L’absence de représentants des soldats africains lors des cérémonies de commémoration de l’Armistice ce lundi 11 novembre 2024 constitue une injustice profonde et un effacement inquiétant d’un pan crucial de l’histoire. Alors que la France se rassemble pour honorer la mémoire de ceux qui sont tombés au combat pendant la Première Guerre mondiale, il est inconcevable que les contributions et sacrifices des tirailleurs sénégalais (en réalité, des centaines de milliers de soldats venus de toute l’Afrique) soient systématiquement passés sous silence.
Les tirailleurs africains ont été plus de 200 000 à prendre les armes pour défendre un pays qui n’était pas le leur, un pays qui, malgré les expressions de reconnaissnce parfois du bout des lèvres, n’a vraiment jamais honoré pleinement les sacrifices de ces hommes, de leurs familles et du continent africain.
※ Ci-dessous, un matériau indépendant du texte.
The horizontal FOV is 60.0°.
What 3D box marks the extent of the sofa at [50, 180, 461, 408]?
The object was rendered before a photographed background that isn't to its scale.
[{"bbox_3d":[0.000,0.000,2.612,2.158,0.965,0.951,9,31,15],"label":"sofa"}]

Plus de 30 000 de ces soldats africains sont morts dans les tranchées, loin de chez eux, dans des conditions particulièrement éffroyables et souvent discriminatoires si on se rappelle les conditions, les lieux et les moments de leurs engagements en première ligne . Ce nombre témoigne du lourd tribut qu’ils ont payé et de la dette de mémoire que la France leur doit.
Or, chaque année, le 11 novembre passe, et leurs noms, leurs histoires et leurs descendants sont trop souvent oubliés ou ignorés lors des cérémonies officielles. Pour se rattraper ou donner le change, on organise des cérémonies « spéciales », « à part » ... Cette absence n’est pas simplement une question de protocole, elle est révélatrice d’un manque de reconnaissance et de considération. Les soldats africains ont combattu non seulement pour la France, mais aussi pour des valeurs universelles de liberté et de solidarité pour lesquelles la France prétend avoir combattu. Ne pas les représenter, c’est invisibiliser des vies sacrifiées et perpétuer l’oubli de l’histoire coloniale qui a marqué ces hommes.
Le silence de ce 11 novembre 2024 n’est donc pas un simple oubli, mais un mépris, implicite mais lourd de sens, à l'égard des sacrifices immenses de ces soldats. Cette omission est d’autant plus troublante dans un contexte où de nombreux descendants de ces combattants vivent encore en France et méritent de voir leurs ancêtres reconnus pour leur engagement. En omettant de rendre hommage à ces soldats africains, la France manque une occasion de réaffirmer son attachement à une mémoire partagée, juste et inclusive.
Le souvenir de ces tirailleurs doit faire partie intégrante des commémorations nationales. Le respect de leur mémoire est non seulement une question de justice, mais aussi une nécessité pour une société française qui se veut ouverte et reconnaissante de son histoire plurielle. Réparons cette omission, donnons à ces soldats africains la place qui leur revient lors des cérémonies de l’Armistice. Ils ont été le bouclier d’une France meurtrie par la guerre ; leur mémoire doit être, aujourd’hui et à jamais, protégée et honorée.